There is such a thing as the Social Contract. Toqueville observed it very astutely in his journals. People engage in cooperation because it serves the interests of the community. Social Security and Medicare were not simply the actions of greedy geezers who did not want to work or pay their doctors. Amid the poverty of the 1930s, a decision was made by Congress that putting those too old to work on an ice floe or leaving them to be eaten by bears was not the decent thing to do. We (they) created Social Security so the old and disabled would not have to starve or be a total burden to their (perhaps impoverished) relatives. It afforded them some dignity in their late years. It also took some people (finally) out of the labor force when jobs were scarce.
Then the government (Reagan Republicans as it happened) decided to follow the corporate example, and blend Social security into a leg of the Federal Employee Retirement System. Thus, it became an official part of a federal retirement system for government employees. The rationale was that the federal budget would absorb less of the cost of future retirement AND contribute to the Social Security Trust Fund. This model (pension, Social Security, and 401k) made sense -- even if it was crafted by conservatives. This should have put an end to the popular fiction that Social Security was "nothing but welfare," as J. Peter Grace (with that silver spoon in his mouth at birth) used to rant.
Private employers had already made a sililar decision about Social Security as part of retirement, and we have to live with it, even if the 401k leg is broken for many. But the federal printing press -- full faith and credit -- is behind the Social insurance contract of Social Security. Hell, if we can do it for AIG, we should be able to do it for the millions of Americans who had no choice but to pay the premiums to FICA. Call it a sort of insurance against pitchforks.
Medicare? No one asks you whether you want to pay the premiums, but look at your pay stub if you doubt it's insurance. It's the reason dad's heart bypass and mom's emergency stay in the hospital are not bankrupting the kids, or keeping the grandchildren from going to college. And if you think the medical profession does not like this "socialized medicine," ask your doctor whether he accepts Medicare. The AMA thinks it's a good idea, and so do I. It would be even better if that minimum wage kitchen worker making up the salad bar and the day care worker looking after your kids could have health insurance as well.
Frank T.

Frank T.

SSI and other stuff

One. SSI Supplemental Security Income while administered by SSA is not funded out of FICA and so in that sense not part of Social Security as defined.
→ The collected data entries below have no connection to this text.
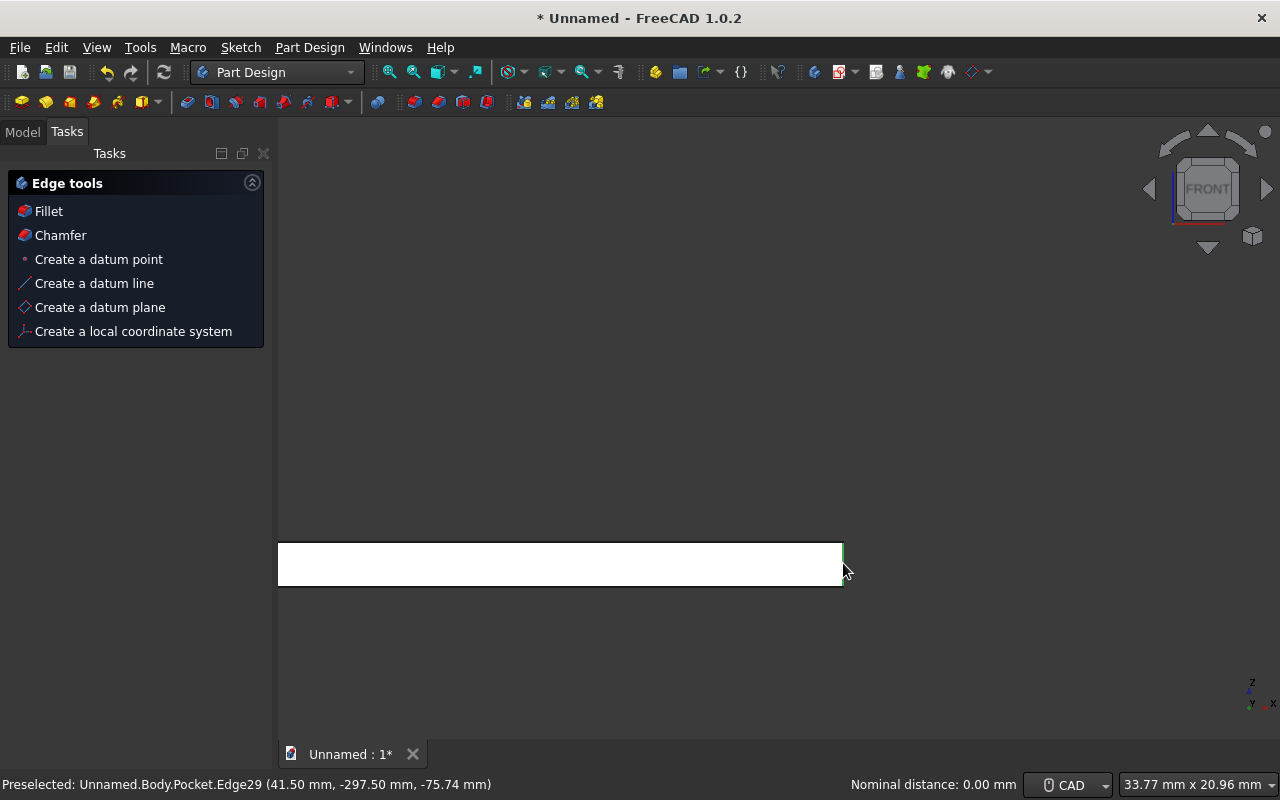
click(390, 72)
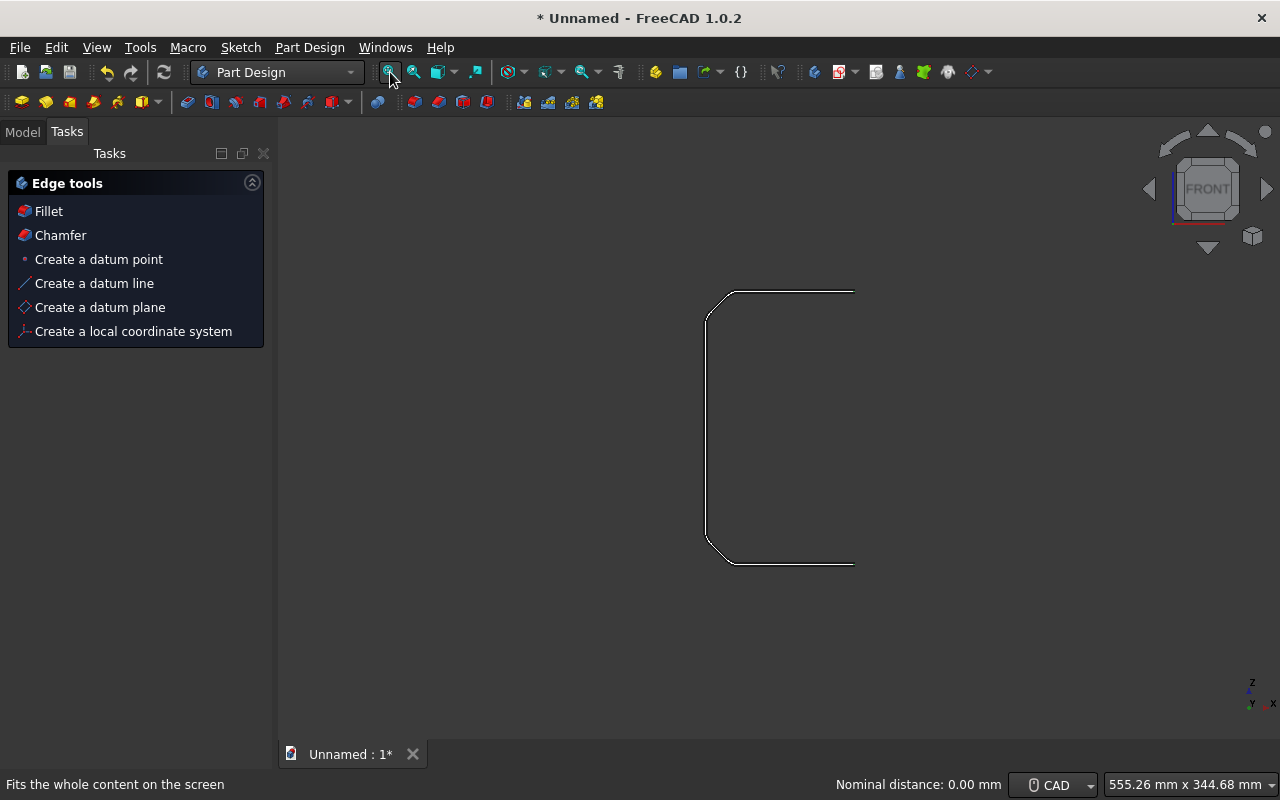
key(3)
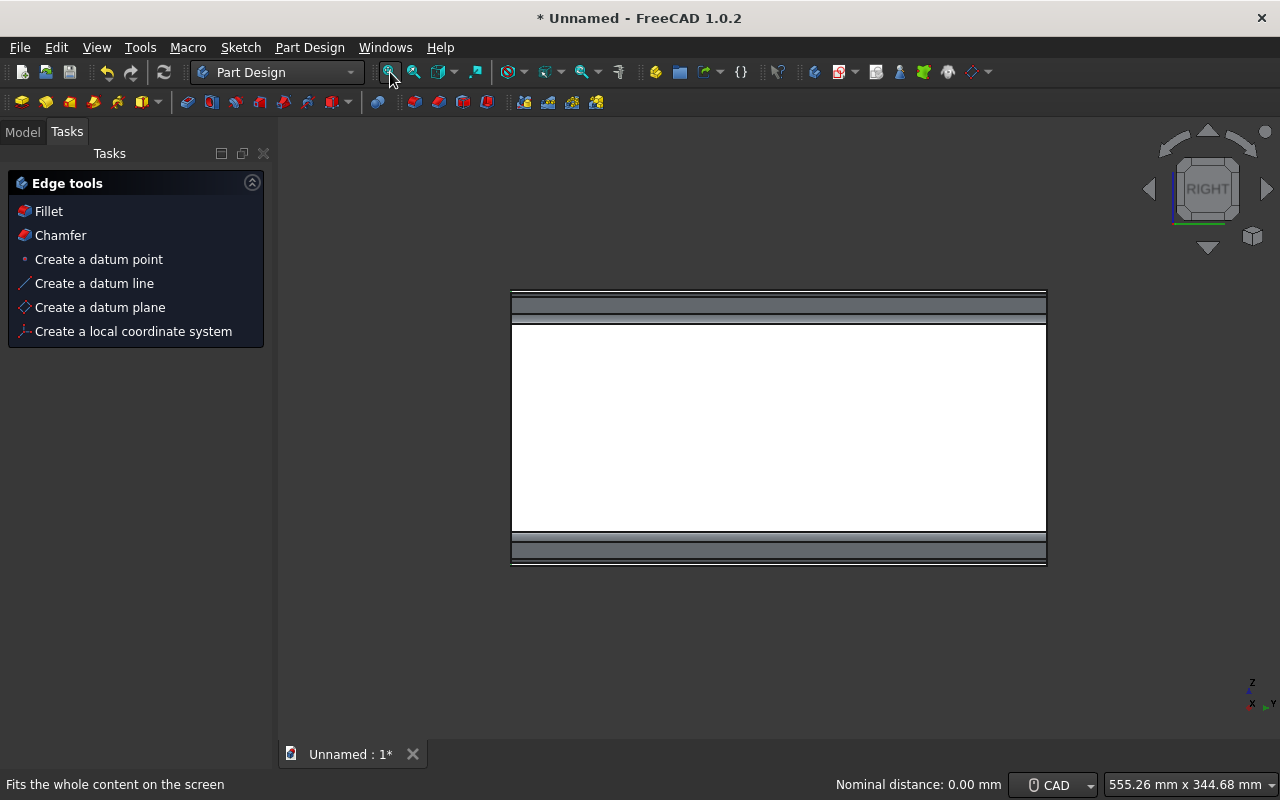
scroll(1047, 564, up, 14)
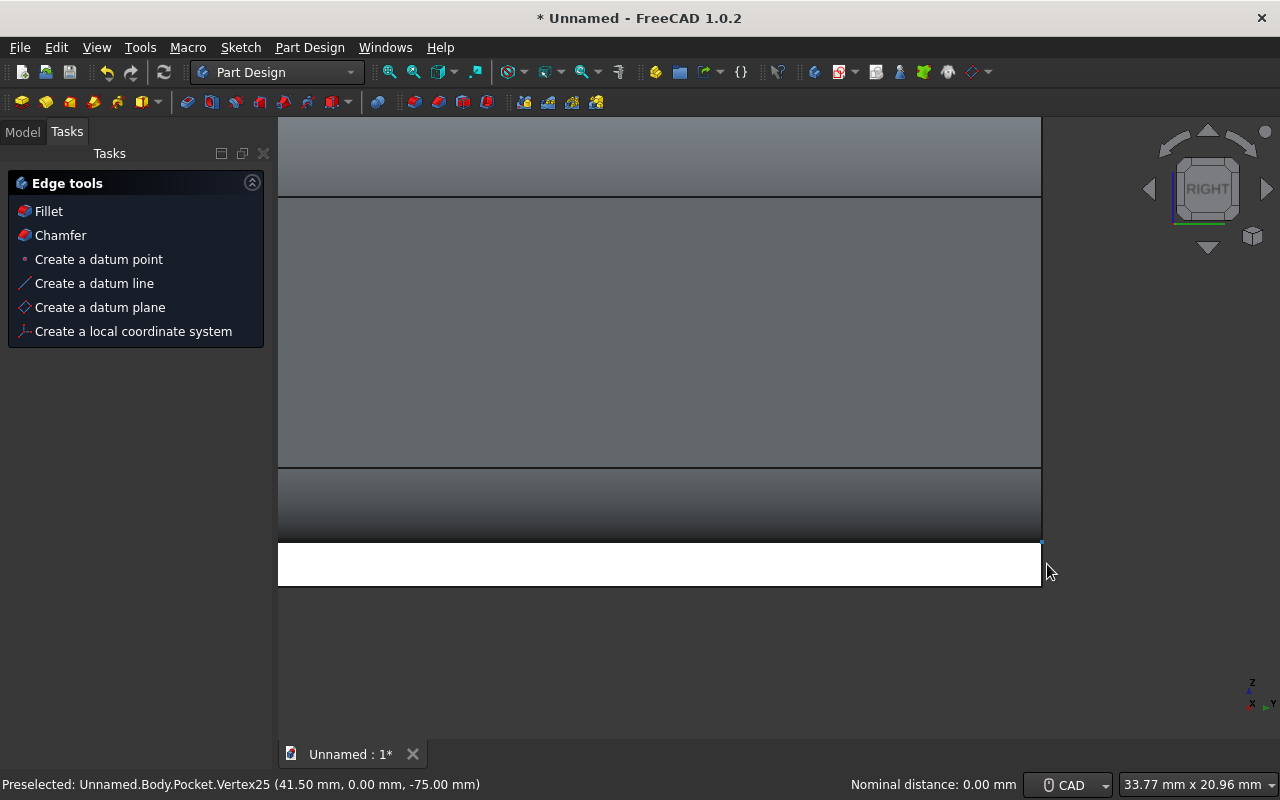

Two. The idea that providing for widows and orphans is somehow welfare and not insurance is kind of a baffling concept, isn't that what people buy insurance for? In case of untimely death?

Three. DI Disability is funded out of its own dedicated FICA component and is once again a standard insurance product that say a self-employed person might buy. Lumping it in with SSI is just kind of ignorant even if the differences between somebody on SSI and somebody on DI are not that visible to the eye.

And yes there is some mild progressivity built into the system for lower income workers. On the other hand all Social Security beneficiaries enjoy a certain amount of progressivity from the system. The formula that adjusts initial benefits for overall Real Wage in the economy means that older workers who got left a little behind in terms of skill sets in their last working years still enjoy a boost in their ultimate living standard, in general each generation of retirees is able to buy a bigger basket of goods than the last. This doesn't translate to a higher replacement percentage just an acknowledgement that materially each generation has in the past advanced. I don't want to play the "when I was a kid" game but you can't compare the range of possessions of the typical middle class household of today to those of days past.

And finally I think you will find relatively few of those "actuarially based pensions" that come with inflation protection.

Calling any part of traditional Social Security welfare is kind of ridiculous, it is a combined disability policy and annuity with survivorship rights. You could find the functional equivalent at any private life insurance agent, though maybe not on such easy terms.